In computer graphics... we cheat.
Cheating is the job. The people you admire most in graphics are not the ones who do the most work. They are the ones who figure out how to do the least.
Nye's Digital Lab is a weekly scribble on creativity in an age of rapid change.
Essay #84
Here is a test I used to run in my head.
Watch someone work in any graphics application. Watch them select an object and drag it across the screen. Then watch them go back, select a second object, and drag that one too.
That person just told you everything about how they think.
Because they could have grouped both objects and dragged them once. One move instead of two. It sounds trivial. It is not. Scale that decision across ten thousand operations and you get the difference between an artist who ships and an artist who drowns.
This is the graphics hack. The trick. The shortcut that is not lazy but smart.
Graphics rewards the person who refuses to do anything twice.
When I worked in previs, I had a tool that changed my mornings.
I could select a character, point it at a mocap library, and set an auto-retargeter loose. Then I would go get coffee.
By the time I came back, half the scene was up. Characters moving, blocking roughed in, the skeleton of a shot on screen. It was rough, but it was work. All, while I stood in line at the starbucks across the street.
I felt like a genius. Not because I had worked hard. Because I had worked sideways.
Same with water. The honest way to simulate water is particles. Millions of them, physics on every one, render farms groaning on and on through the night. The hack is to skip all of it. Use animated textures. Scroll some noise, fake the speculars, sell the illusion. Quick and dirty. The audience never knows. The audience never cares.

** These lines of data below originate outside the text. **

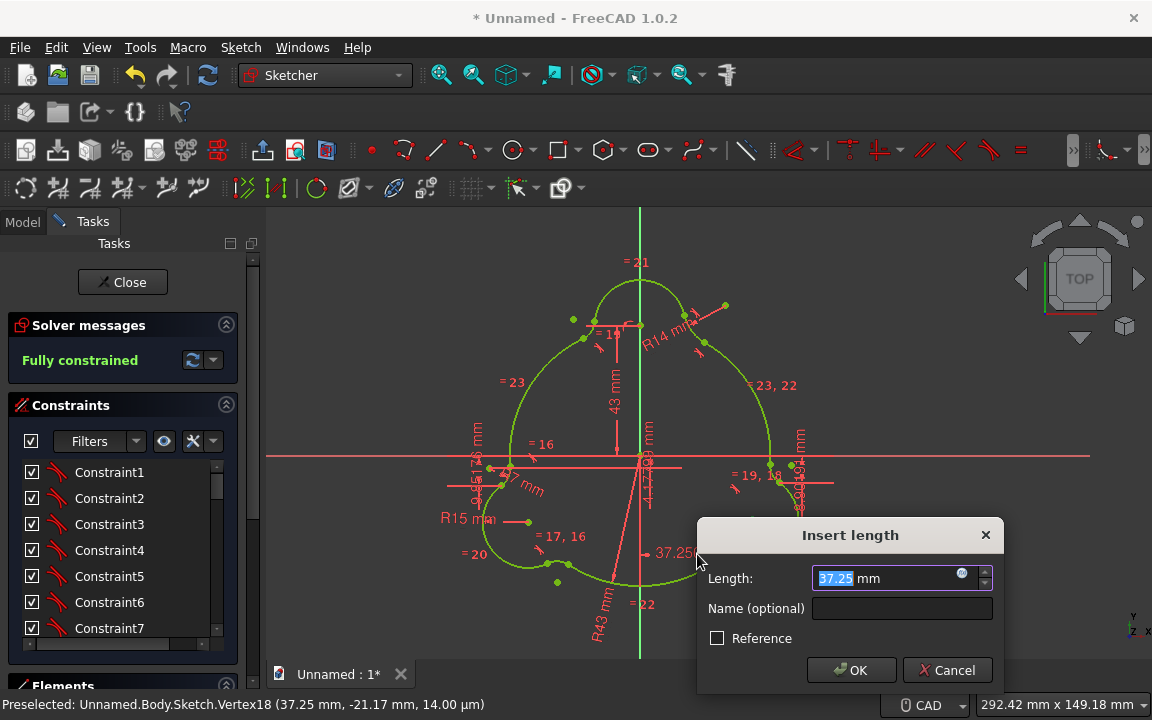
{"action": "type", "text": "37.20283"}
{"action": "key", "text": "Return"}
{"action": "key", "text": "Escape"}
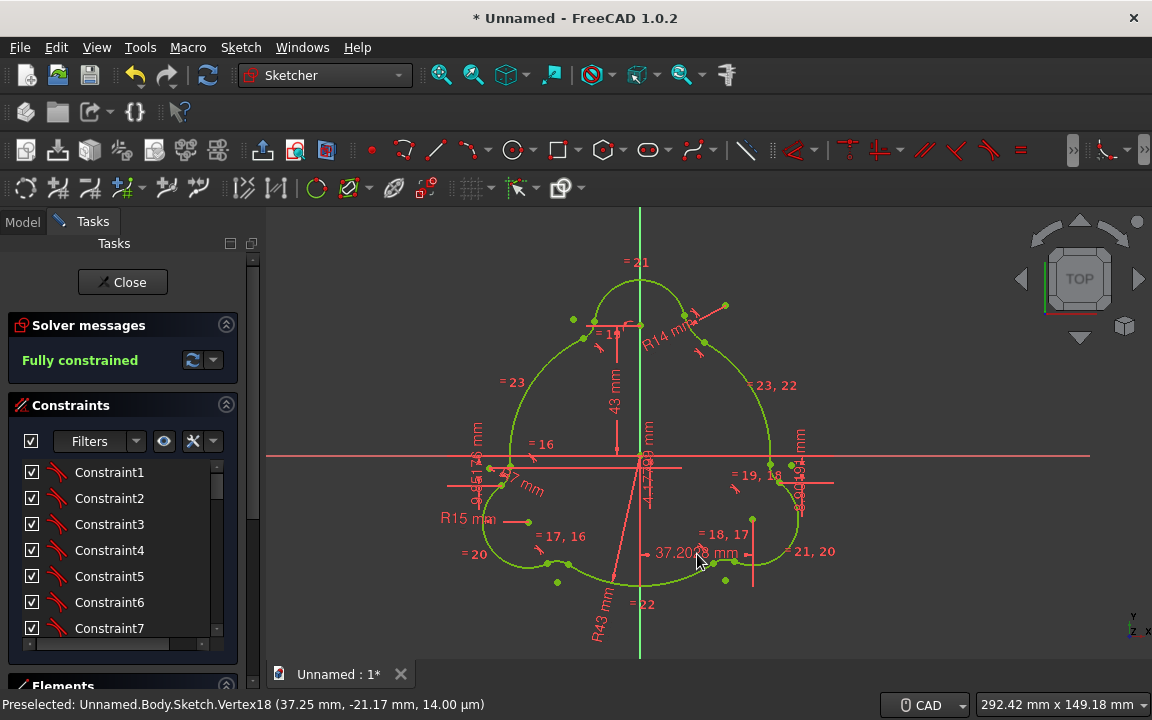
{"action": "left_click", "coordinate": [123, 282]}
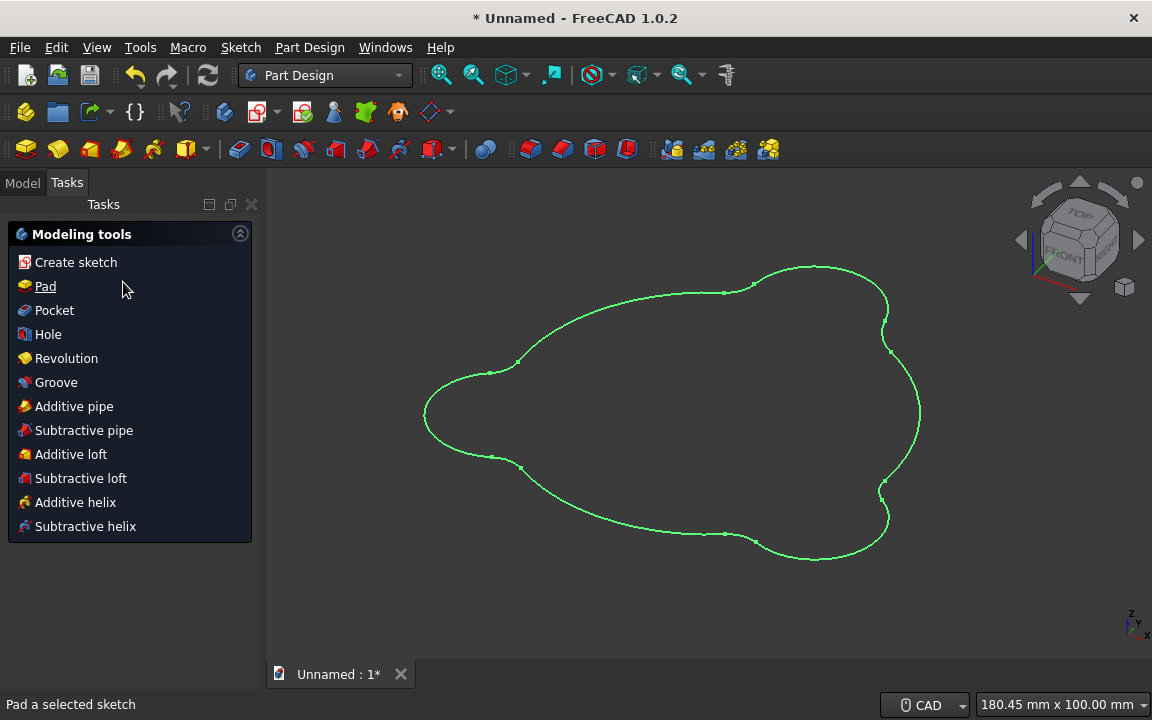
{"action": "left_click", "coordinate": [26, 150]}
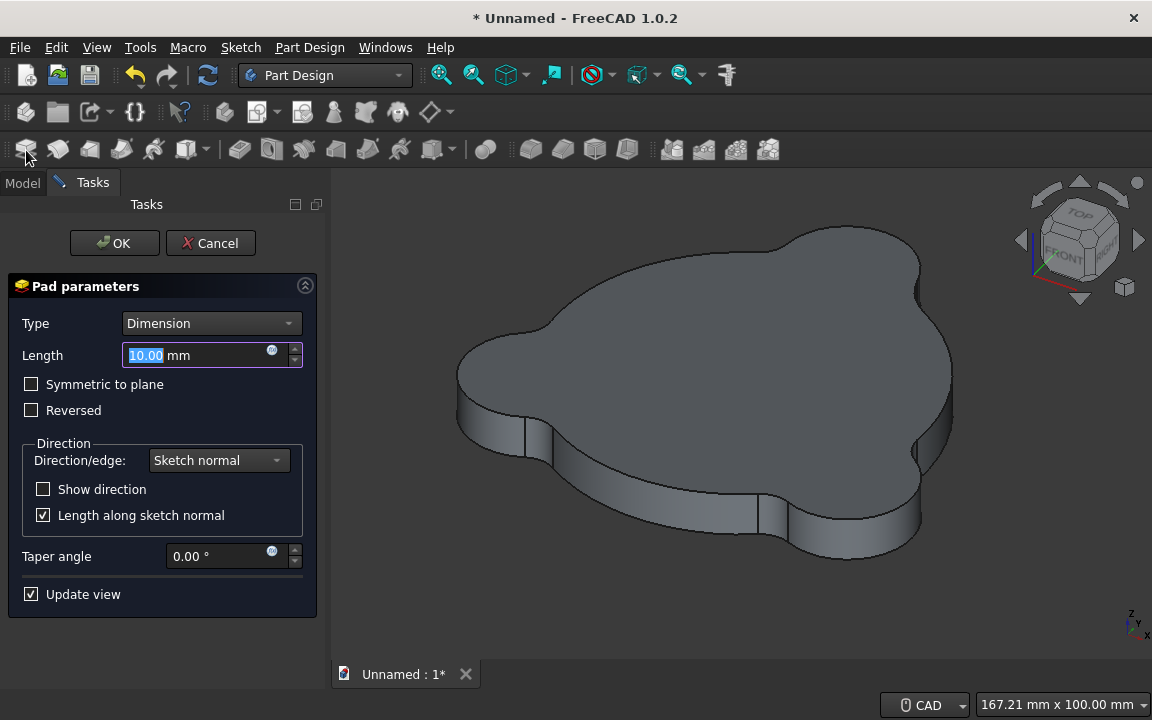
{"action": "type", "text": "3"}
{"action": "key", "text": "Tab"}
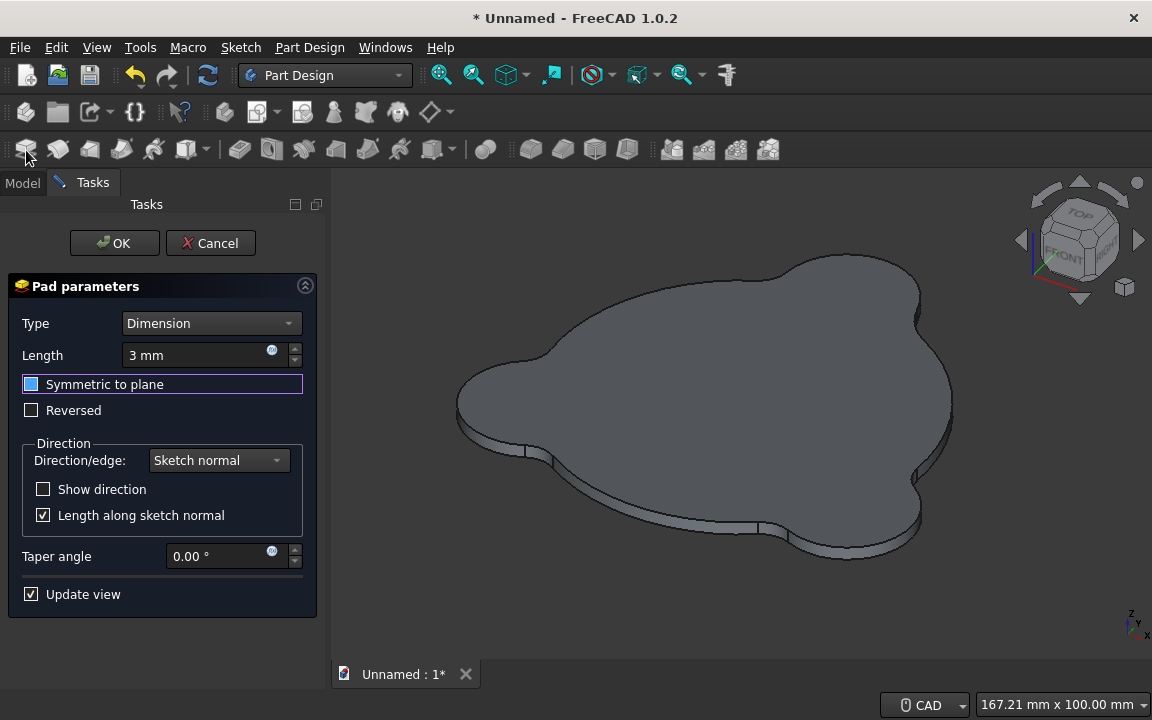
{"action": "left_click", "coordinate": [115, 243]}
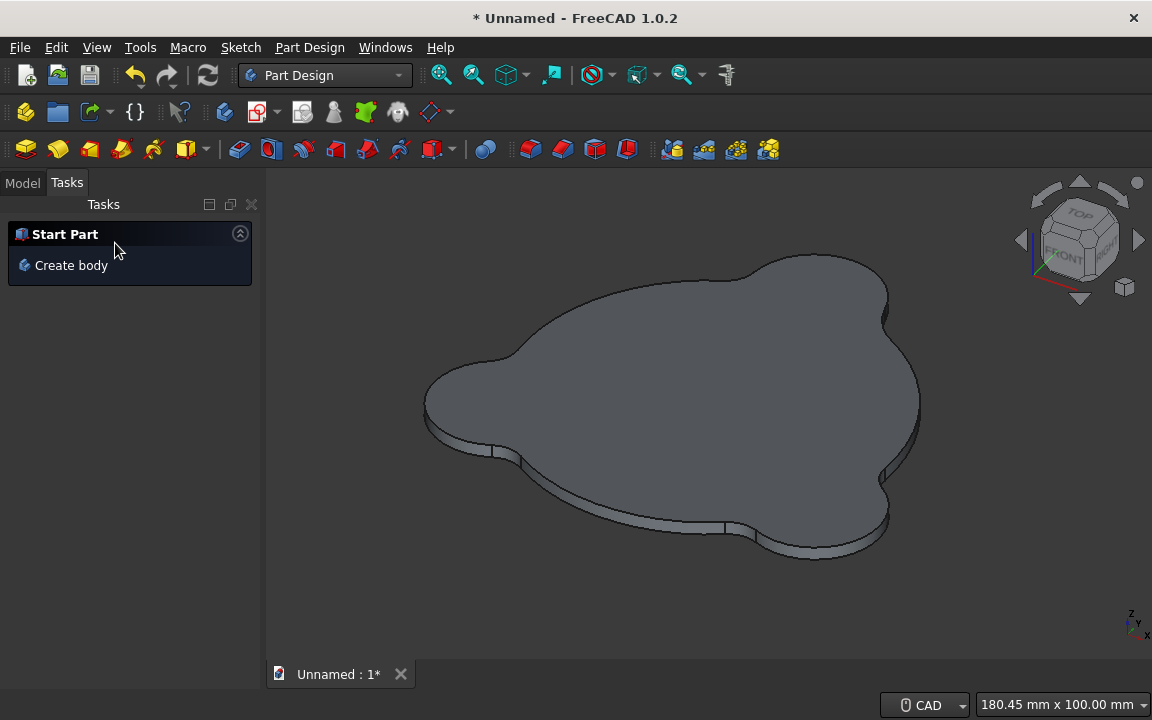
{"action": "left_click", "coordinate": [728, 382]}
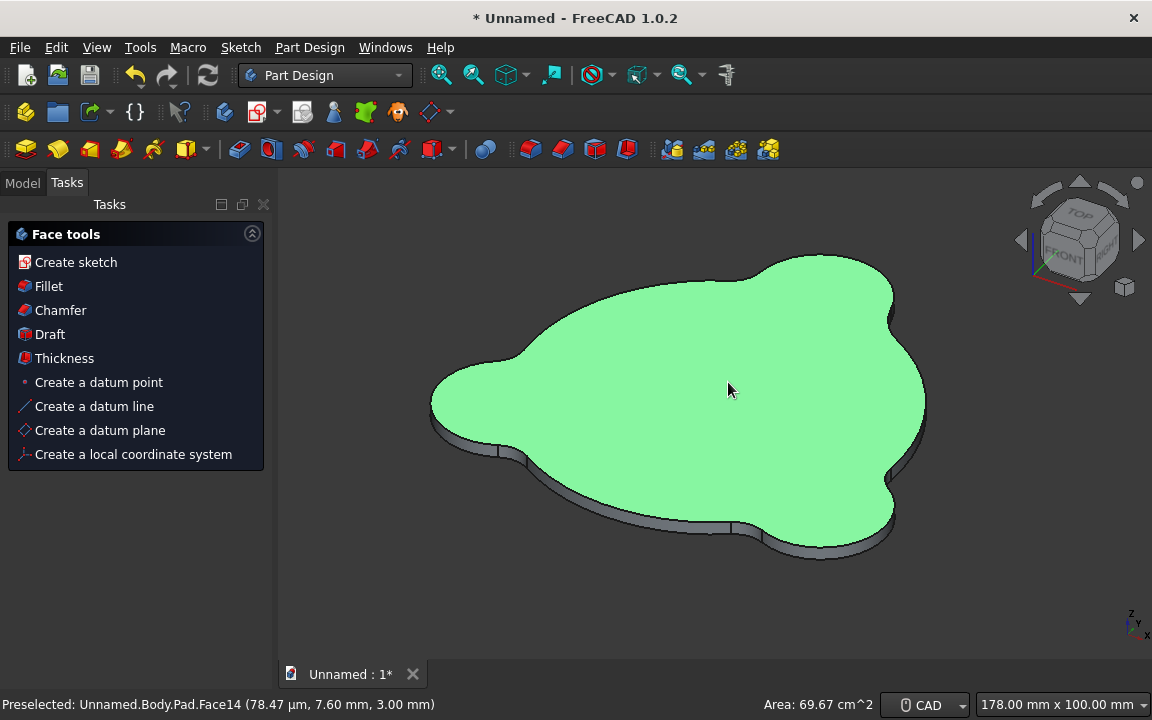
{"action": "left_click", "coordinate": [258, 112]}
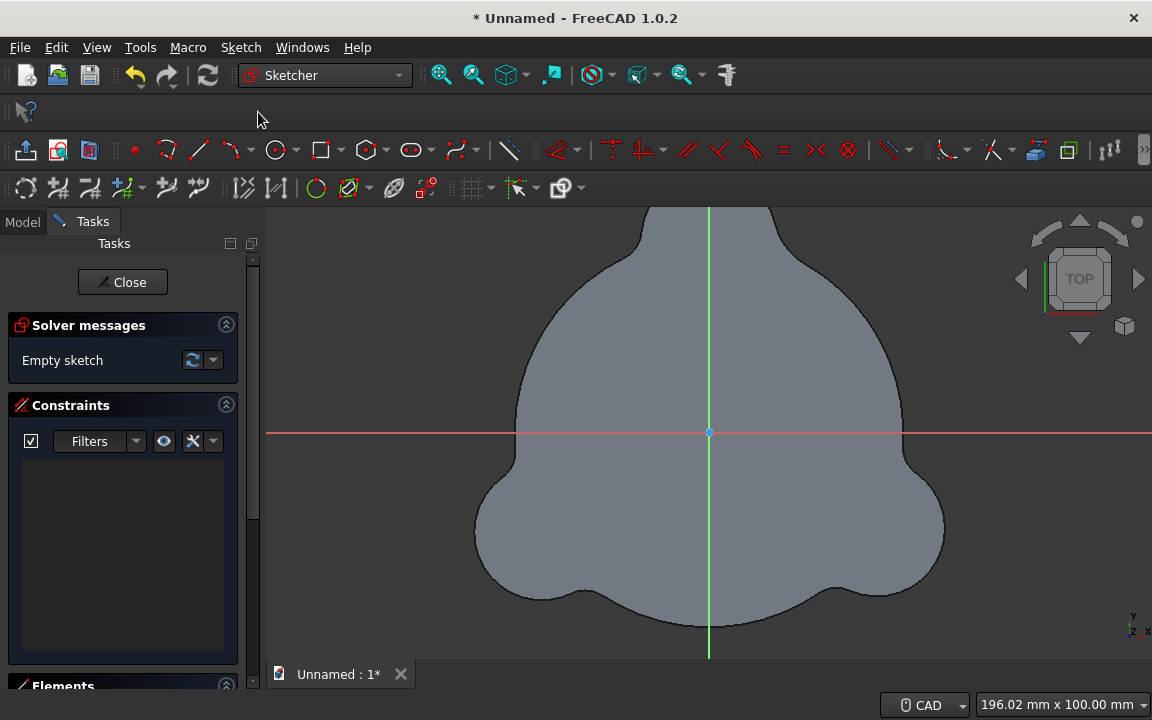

Hacking is freedom in graphics.
The cheats were always the glory. Every artist I respected had a private arsenal of them, traded like contraband, defended like trade secrets.
So here is my problem...
AI is the ultimate graphics hack. It is every shortcut I ever built, compressed into a single move. Why group two objects when you can describe the whole scene? Why fake water with textures when you can type the word "water?"
I should be thrilled. This is the endgame of everything I believed. The cheat to end all cheats.
Instead I feel weird about it. And I have been trying to figure out why.
I think it is this. My hacks were earned.
I dragged objects one at a time for years before I learned to group them. I built particle sims before I learned to fake them. The shortcut only felt like glory because I knew exactly what I was skipping. The cheat had a price, and I had paid it.
The new cheat skips the part where you learn what you are skipping.
A lifetime of cheating taught me that the cheat is the reward for understanding the system. Now the system understands itself. We did not just get cleverer.
We may have "clevered" ourselves out of the loop entirely.

So I see two doors, and I am honestly standing between them.
Door one: slow down. Celebrate process.
Make students drag the objects one at a time, on purpose, the way a chef still learns knife skills in a world full of food processors. Earn the cheat before you use it. I have built a whole pedagogy on this idea.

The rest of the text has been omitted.